→ **Stored data**:

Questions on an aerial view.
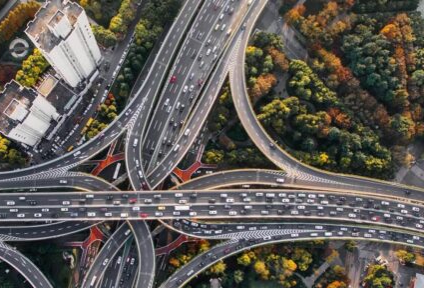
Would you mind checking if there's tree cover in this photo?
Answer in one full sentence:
Yes, tree cover can be seen from above here.
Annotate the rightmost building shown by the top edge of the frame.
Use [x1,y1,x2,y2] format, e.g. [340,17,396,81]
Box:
[23,0,101,87]
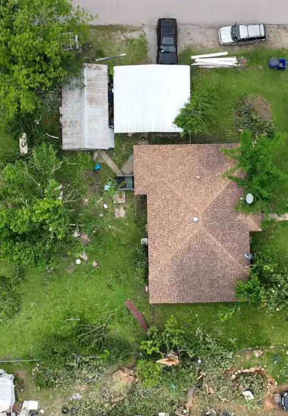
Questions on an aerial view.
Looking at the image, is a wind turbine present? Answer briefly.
No
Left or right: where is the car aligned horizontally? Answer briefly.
right
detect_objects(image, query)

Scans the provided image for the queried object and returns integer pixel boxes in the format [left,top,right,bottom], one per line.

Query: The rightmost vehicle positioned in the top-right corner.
[216,25,267,48]
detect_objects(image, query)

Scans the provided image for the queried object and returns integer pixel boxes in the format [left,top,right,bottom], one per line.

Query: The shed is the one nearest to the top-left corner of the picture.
[59,63,113,150]
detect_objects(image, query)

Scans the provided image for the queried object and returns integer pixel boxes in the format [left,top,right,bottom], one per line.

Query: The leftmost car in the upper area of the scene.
[155,16,180,65]
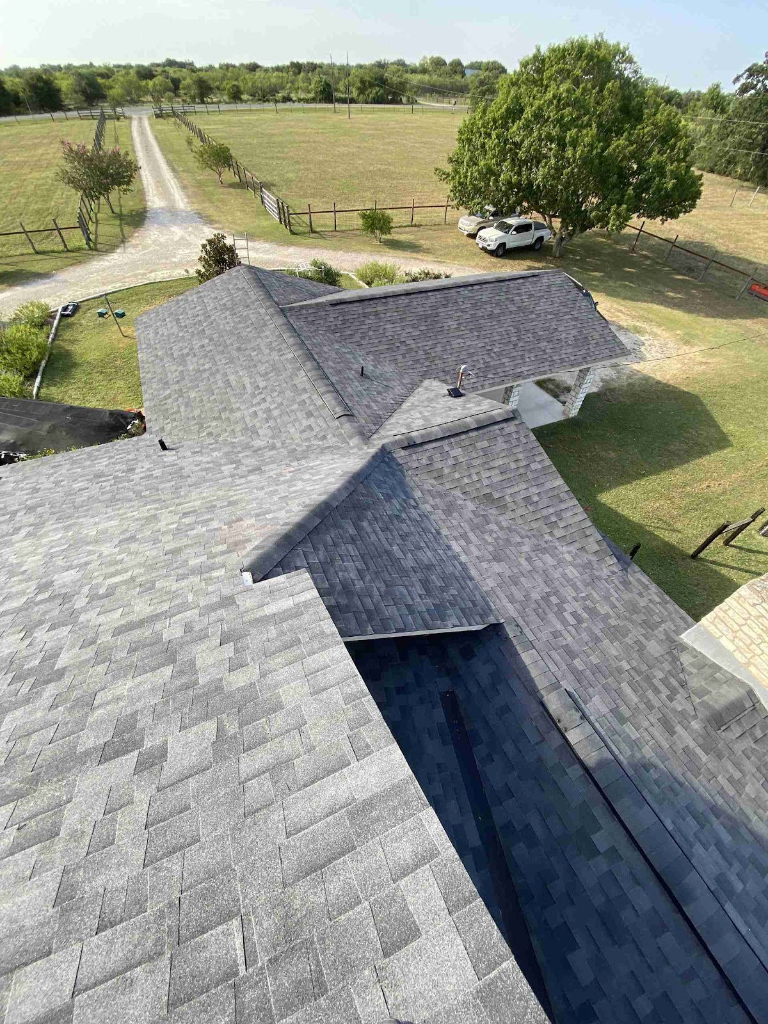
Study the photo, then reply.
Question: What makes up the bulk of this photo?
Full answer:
Most of the picture is covered by buildings.
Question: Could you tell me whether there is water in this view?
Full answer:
No, the picture contains no water.
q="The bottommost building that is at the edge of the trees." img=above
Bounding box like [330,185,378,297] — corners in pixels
[0,263,768,1024]
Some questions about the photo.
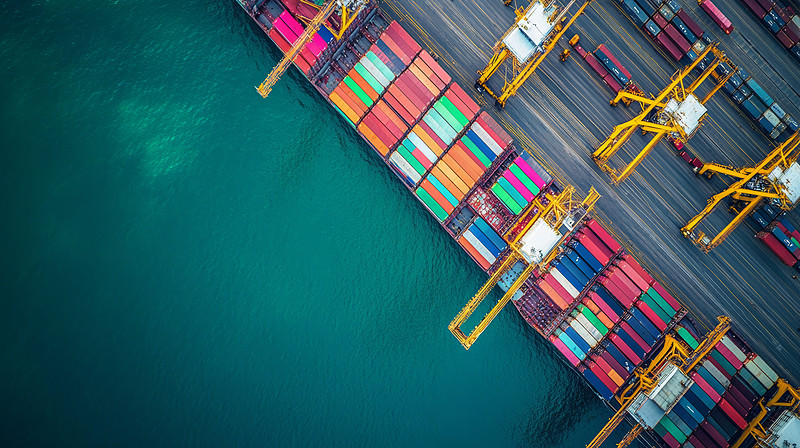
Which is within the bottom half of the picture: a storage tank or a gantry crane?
gantry crane
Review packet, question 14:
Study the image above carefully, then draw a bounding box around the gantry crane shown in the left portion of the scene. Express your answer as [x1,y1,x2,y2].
[253,0,379,100]
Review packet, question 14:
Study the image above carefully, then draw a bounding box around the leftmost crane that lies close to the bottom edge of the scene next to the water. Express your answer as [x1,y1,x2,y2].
[585,314,733,448]
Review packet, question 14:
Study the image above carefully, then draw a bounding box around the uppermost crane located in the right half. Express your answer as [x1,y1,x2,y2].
[472,0,592,109]
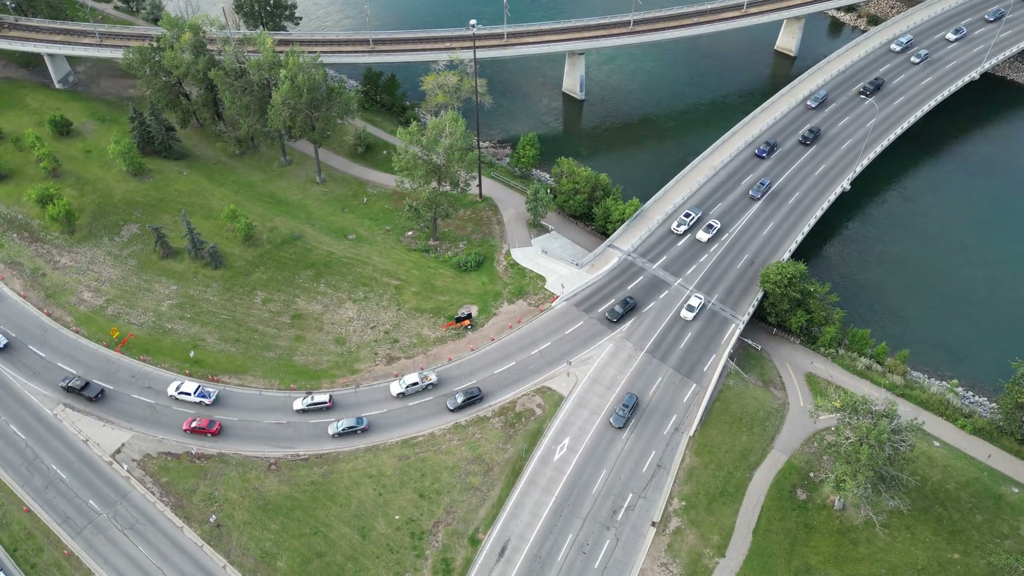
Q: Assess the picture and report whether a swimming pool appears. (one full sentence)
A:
No, no swimming pool can be seen from above.
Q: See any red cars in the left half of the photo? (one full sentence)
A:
Yes, a red car can be seen in the left half of the photo.
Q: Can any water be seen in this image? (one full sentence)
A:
Yes, there is water in the image.

→ **Your goal**: Go through the entries above and copy out every line that includes the word "whether".

→ **Completed exercise**:
Question: Could you tell me whether there is water in this view?
Q: Assess the picture and report whether a swimming pool appears. (one full sentence)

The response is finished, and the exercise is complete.